◆ Instructions for the task ◆
The lines you return must be all those in the data that hold the string "pixels".
== Segment start ==
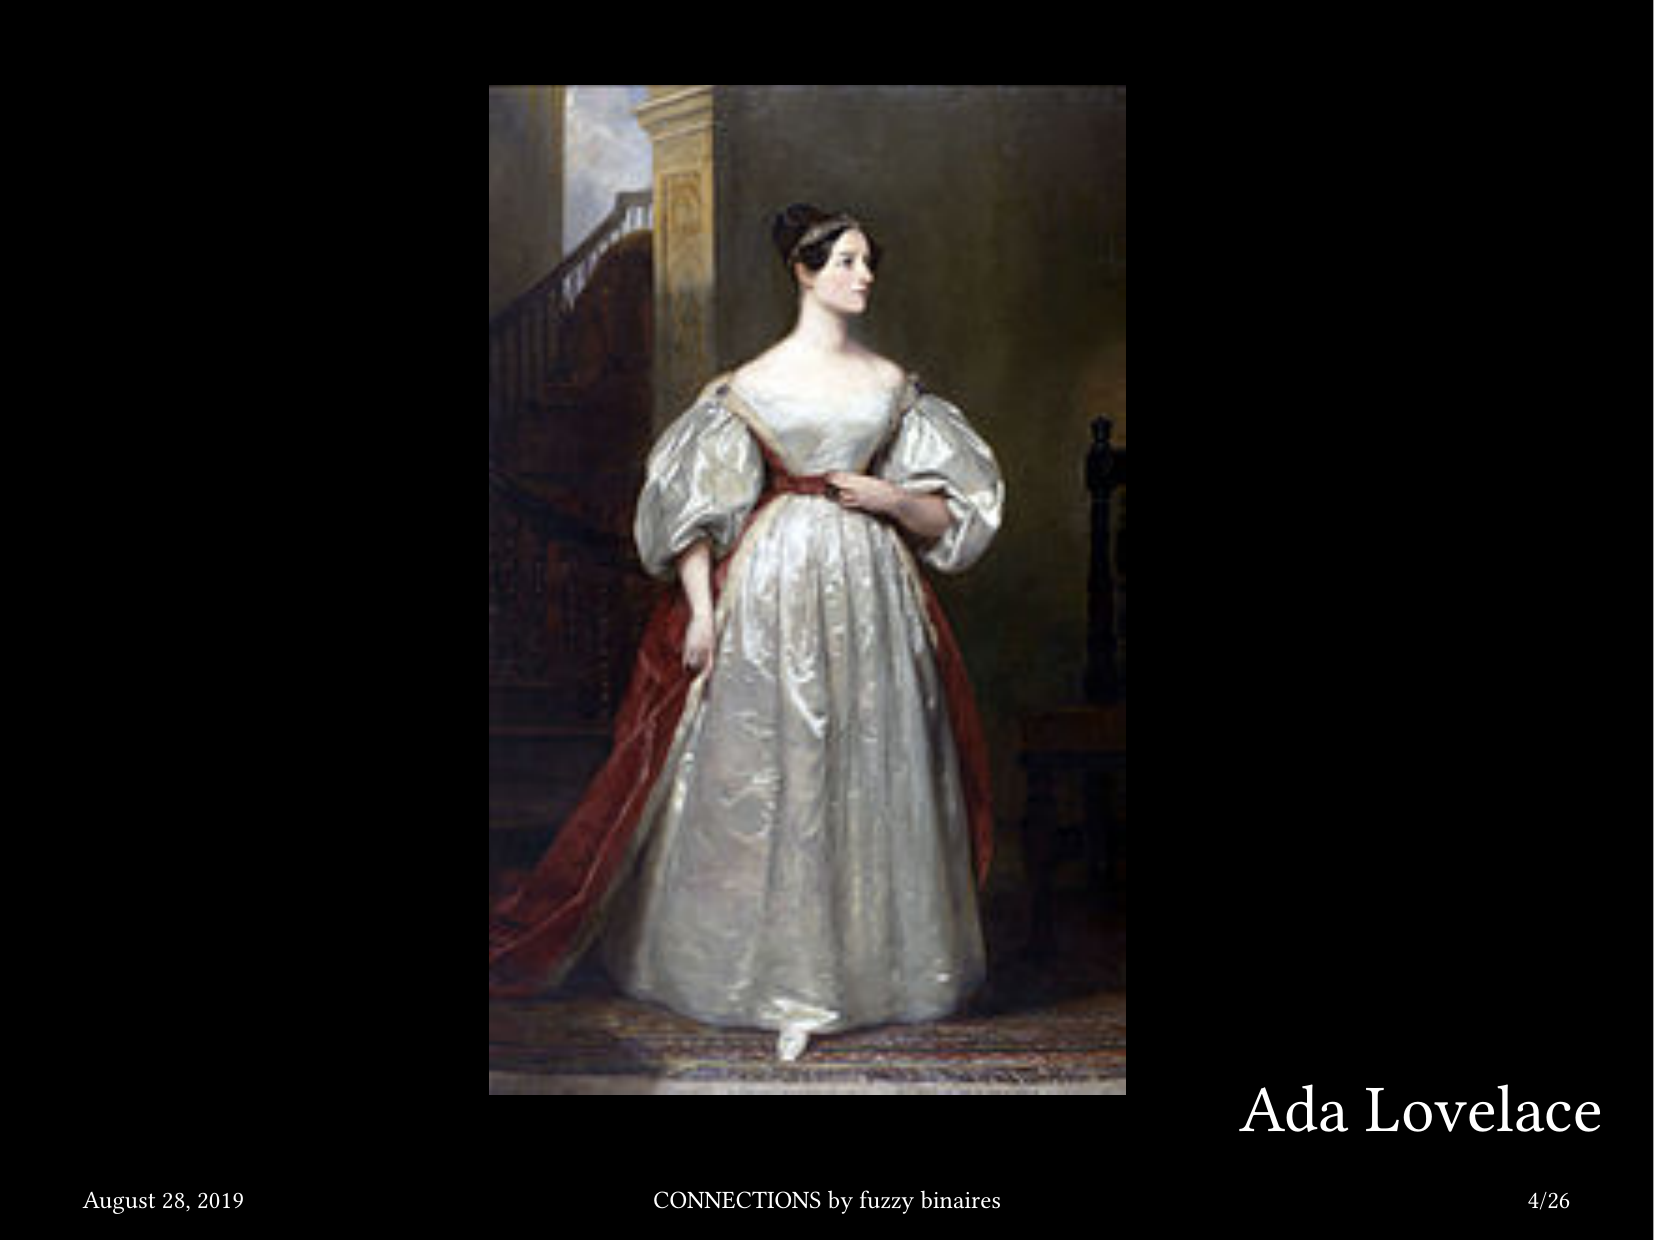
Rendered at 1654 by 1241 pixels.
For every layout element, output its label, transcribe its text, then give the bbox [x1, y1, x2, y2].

picture [489, 85, 1126, 1096]
text_box Ada Lovelace [1224, 1063, 1619, 1156]
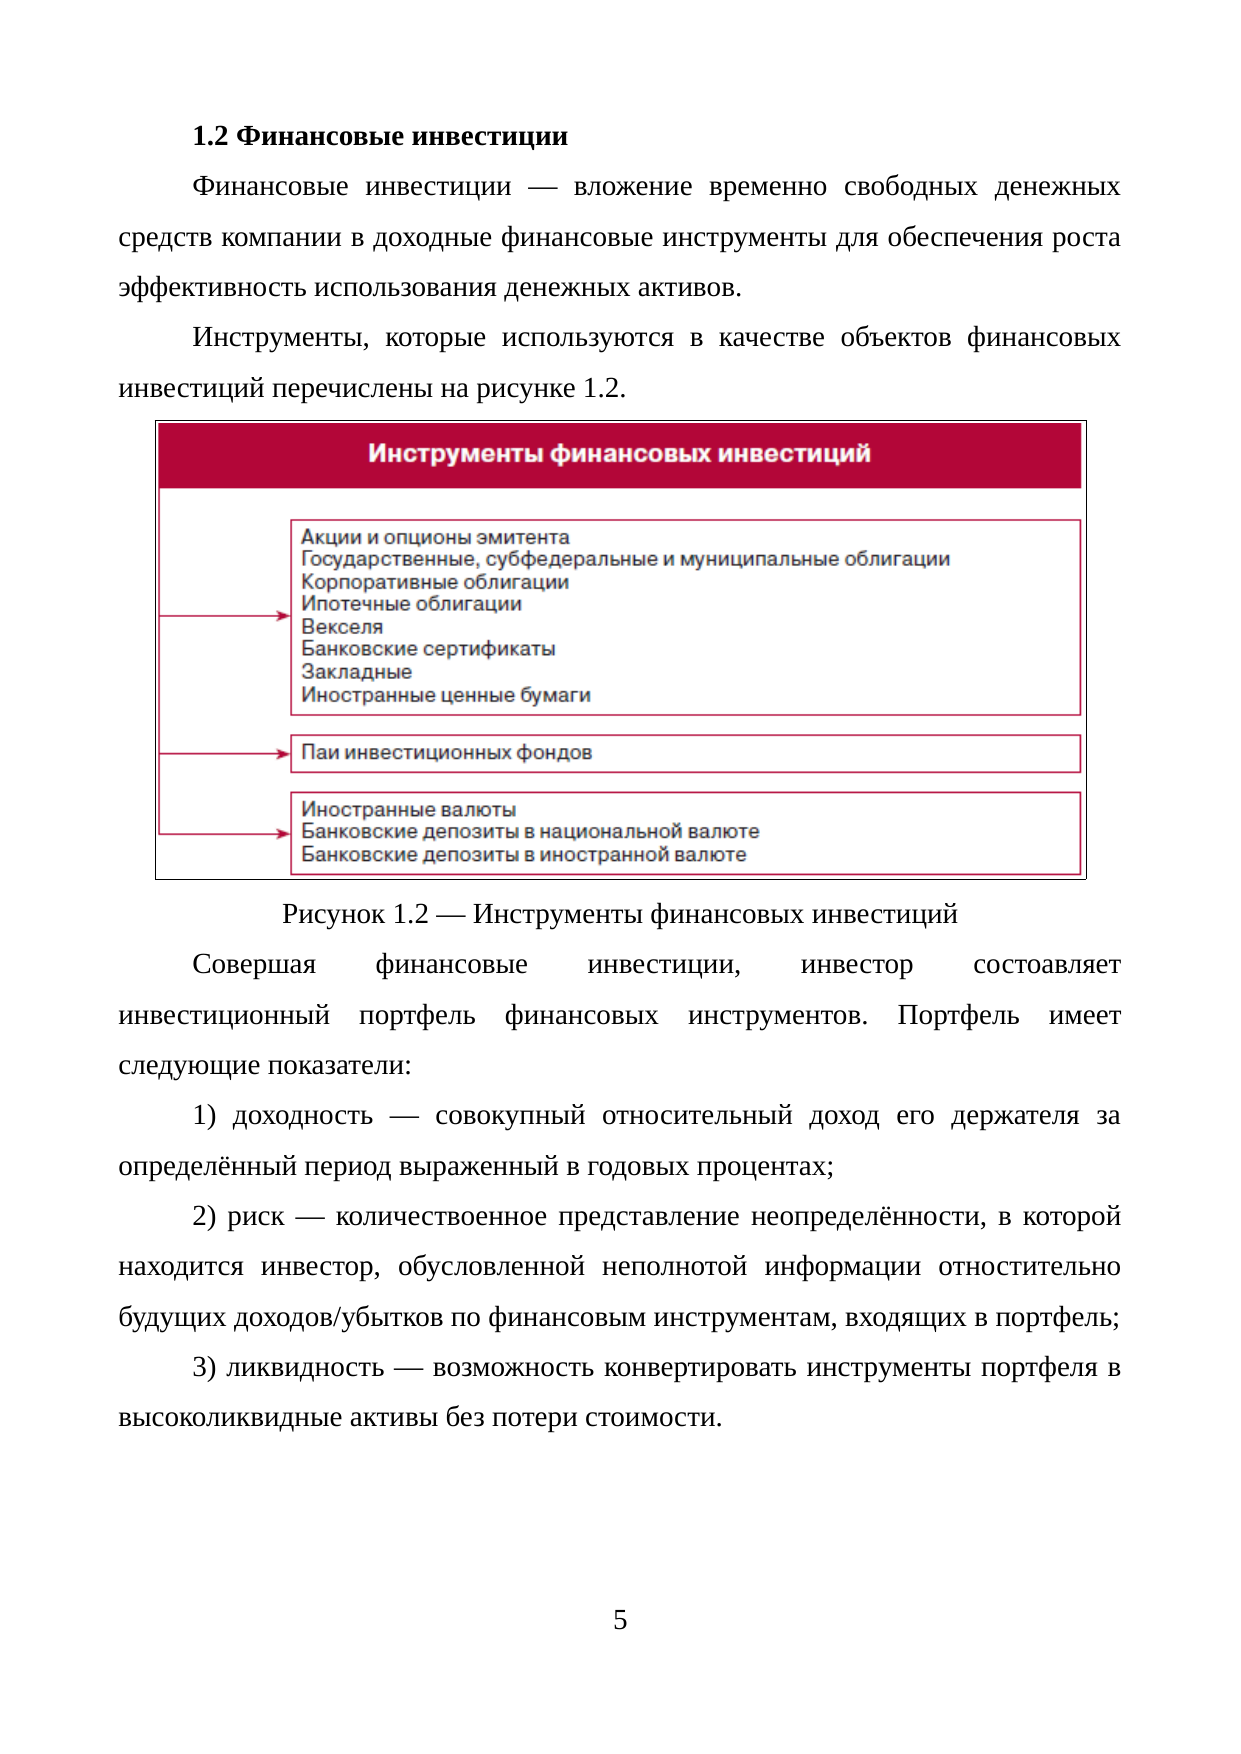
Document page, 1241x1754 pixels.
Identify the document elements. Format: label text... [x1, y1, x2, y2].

text 2) риск — количествоенное представление неопределённости, в которой находится инвестор, обусловленной неполнотой информации отностительно будущих доходов/убытков по финансовым инструментам, входящих в портфель; [118, 1198, 1122, 1332]
text Финансовые инвестиции — вложение временно свободных денежных средств компании в доходные финансовые инструменты для обеспечения роста эффективность использования денежных активов. [118, 168, 1122, 303]
text 1) доходность — совокупный относительный доход его держателя за определённый период выраженный в годовых процентах; [118, 1097, 1122, 1181]
text Инструменты, которые используются в качестве объектов финансовых инвестиций перечислены на рисунке 1.2. [118, 319, 1122, 403]
text Совершая финансовые инвестиции, инвестор состоавляет инвестиционный портфель финансовых инструментов. Портфель имеет следующие показатели: [118, 946, 1122, 1081]
picture [157, 423, 1083, 877]
text Рисунок 1.2 — Инструменты финансовых инвестиций [118, 877, 1122, 930]
subtitle 1.2 Финансовые инвестиции [118, 118, 1122, 152]
text 3) ликвидность — возможность конвертировать инструменты портфеля в высоколиквидные активы без потери стоимости. [118, 1349, 1122, 1433]
== Segment end ==
◆ Result of this exercise ◆
Rendered at 1654 by 1241 pixels.
Document page, 1241x1754 pixels.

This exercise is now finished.